◆ **EXERCISE BRIEF**: With the string "chair" as the filter, copy each matching line from the records.

◆ **DATA PROVIDED**:
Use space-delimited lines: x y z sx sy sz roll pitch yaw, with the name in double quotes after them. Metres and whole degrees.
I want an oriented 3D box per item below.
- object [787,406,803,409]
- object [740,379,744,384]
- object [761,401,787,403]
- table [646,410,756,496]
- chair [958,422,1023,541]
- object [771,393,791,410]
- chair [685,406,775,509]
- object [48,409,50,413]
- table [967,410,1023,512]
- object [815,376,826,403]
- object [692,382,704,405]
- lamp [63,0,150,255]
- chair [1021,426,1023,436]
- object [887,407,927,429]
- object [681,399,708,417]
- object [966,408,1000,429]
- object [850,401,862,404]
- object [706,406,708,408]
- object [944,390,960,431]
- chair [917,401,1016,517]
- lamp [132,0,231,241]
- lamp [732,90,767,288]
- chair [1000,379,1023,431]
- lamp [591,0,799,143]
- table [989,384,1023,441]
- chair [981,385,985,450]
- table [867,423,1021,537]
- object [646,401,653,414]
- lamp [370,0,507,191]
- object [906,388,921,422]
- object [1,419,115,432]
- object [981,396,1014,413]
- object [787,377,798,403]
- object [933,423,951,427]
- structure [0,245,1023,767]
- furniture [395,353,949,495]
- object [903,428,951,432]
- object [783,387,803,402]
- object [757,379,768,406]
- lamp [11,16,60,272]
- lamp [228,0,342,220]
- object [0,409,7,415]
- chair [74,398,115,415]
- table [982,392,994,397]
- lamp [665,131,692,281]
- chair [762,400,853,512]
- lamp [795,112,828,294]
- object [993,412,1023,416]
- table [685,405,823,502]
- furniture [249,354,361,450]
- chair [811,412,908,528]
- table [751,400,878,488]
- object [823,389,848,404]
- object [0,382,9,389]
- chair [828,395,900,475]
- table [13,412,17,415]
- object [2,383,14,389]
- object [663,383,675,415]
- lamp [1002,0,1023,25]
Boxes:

* * *

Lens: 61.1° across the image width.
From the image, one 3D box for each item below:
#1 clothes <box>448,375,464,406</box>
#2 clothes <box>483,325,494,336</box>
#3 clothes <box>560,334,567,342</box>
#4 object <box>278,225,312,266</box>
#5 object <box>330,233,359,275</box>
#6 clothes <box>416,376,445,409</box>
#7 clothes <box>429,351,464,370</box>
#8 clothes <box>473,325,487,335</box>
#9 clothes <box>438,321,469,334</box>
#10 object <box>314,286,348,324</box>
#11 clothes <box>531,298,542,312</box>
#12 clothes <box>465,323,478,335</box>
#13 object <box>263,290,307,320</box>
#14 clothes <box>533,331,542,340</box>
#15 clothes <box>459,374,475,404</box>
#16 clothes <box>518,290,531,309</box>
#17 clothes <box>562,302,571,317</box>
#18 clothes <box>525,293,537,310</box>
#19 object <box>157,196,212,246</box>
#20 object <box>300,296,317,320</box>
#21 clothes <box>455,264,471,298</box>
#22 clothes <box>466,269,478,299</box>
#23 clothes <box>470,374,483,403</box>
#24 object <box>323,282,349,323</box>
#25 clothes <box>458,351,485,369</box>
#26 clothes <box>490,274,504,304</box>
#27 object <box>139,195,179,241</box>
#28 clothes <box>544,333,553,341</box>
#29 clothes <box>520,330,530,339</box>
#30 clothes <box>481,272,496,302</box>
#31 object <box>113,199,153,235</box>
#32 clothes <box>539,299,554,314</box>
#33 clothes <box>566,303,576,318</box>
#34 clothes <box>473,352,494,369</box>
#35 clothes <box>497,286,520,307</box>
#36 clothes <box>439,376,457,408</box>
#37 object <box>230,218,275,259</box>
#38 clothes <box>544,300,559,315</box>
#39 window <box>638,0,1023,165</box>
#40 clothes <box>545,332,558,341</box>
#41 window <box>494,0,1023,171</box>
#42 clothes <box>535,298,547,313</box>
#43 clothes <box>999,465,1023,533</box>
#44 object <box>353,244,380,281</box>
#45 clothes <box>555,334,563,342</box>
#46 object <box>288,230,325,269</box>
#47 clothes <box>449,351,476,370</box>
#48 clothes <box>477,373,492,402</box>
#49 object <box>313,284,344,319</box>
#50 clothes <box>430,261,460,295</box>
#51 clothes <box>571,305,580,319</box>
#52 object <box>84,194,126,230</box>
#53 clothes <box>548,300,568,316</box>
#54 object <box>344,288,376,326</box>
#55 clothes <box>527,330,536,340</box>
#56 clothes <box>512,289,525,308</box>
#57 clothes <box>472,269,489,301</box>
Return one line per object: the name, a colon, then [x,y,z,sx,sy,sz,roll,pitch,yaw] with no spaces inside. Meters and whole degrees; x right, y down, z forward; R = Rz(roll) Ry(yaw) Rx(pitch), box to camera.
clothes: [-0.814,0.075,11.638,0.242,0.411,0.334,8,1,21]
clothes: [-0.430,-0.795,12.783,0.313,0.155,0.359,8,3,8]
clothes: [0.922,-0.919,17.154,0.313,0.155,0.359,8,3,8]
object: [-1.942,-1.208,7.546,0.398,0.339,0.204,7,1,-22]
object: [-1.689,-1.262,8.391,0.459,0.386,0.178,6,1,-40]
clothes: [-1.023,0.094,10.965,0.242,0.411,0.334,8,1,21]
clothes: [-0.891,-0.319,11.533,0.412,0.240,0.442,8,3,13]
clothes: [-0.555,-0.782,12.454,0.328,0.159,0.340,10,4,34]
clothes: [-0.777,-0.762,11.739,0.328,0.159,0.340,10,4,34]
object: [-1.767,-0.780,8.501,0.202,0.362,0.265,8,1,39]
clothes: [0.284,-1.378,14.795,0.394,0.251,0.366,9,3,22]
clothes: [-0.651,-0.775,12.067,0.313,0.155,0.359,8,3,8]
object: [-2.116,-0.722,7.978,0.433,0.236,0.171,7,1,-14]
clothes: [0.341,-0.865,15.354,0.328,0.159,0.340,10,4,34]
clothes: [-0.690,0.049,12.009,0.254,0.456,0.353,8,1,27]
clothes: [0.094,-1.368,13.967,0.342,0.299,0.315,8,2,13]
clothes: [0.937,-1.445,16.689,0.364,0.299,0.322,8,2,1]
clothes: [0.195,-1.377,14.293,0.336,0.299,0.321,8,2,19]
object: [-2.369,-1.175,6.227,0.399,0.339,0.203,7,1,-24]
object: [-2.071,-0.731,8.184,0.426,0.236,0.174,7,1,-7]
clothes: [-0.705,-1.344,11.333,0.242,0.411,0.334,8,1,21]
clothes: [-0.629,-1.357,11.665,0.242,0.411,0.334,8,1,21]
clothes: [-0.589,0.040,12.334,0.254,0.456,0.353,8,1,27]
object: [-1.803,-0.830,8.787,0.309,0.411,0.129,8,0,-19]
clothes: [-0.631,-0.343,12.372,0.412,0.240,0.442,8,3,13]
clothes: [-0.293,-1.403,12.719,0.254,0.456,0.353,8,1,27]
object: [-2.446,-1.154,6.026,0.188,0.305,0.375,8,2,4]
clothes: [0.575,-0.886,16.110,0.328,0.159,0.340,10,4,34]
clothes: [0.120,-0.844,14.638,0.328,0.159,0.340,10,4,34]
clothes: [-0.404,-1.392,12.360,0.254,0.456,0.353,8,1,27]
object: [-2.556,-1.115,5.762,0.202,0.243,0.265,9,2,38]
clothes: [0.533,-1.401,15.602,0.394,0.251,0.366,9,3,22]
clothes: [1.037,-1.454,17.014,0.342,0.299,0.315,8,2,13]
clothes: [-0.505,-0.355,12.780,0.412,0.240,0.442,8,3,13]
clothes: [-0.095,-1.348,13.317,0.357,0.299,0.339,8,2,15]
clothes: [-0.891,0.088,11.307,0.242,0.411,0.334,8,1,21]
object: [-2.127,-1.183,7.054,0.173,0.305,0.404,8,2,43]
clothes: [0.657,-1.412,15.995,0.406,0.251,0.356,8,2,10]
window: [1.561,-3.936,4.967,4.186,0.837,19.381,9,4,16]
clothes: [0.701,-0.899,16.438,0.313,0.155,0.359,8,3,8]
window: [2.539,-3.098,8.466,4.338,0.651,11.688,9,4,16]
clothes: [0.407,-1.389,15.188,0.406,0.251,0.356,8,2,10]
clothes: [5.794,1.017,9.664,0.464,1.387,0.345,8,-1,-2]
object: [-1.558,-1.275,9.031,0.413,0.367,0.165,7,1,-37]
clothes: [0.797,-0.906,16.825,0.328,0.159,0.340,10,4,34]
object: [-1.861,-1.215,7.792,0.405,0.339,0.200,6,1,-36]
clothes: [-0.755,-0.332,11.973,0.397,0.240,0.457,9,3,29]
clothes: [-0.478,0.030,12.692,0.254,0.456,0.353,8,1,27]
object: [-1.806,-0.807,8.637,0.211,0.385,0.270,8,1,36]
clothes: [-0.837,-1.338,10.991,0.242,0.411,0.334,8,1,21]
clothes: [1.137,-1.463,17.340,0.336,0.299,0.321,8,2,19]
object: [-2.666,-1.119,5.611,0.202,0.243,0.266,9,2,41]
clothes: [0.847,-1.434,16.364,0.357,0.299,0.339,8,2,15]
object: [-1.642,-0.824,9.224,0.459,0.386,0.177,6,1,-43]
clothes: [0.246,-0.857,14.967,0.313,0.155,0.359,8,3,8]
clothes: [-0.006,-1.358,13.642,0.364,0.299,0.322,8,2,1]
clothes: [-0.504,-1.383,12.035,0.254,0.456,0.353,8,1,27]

...

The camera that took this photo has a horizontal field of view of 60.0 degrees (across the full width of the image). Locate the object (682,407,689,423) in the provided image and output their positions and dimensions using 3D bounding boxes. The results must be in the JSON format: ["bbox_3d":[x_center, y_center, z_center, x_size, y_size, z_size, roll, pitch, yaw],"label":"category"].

◆ **ANSWER BOX**:
- chair [958,422,1023,541]
- chair [685,406,775,509]
- chair [1021,426,1023,436]
- chair [917,401,1016,517]
- chair [1000,379,1023,431]
- chair [981,385,985,450]
- chair [74,398,115,415]
- chair [762,400,853,512]
- chair [811,412,908,528]
- chair [828,395,900,475]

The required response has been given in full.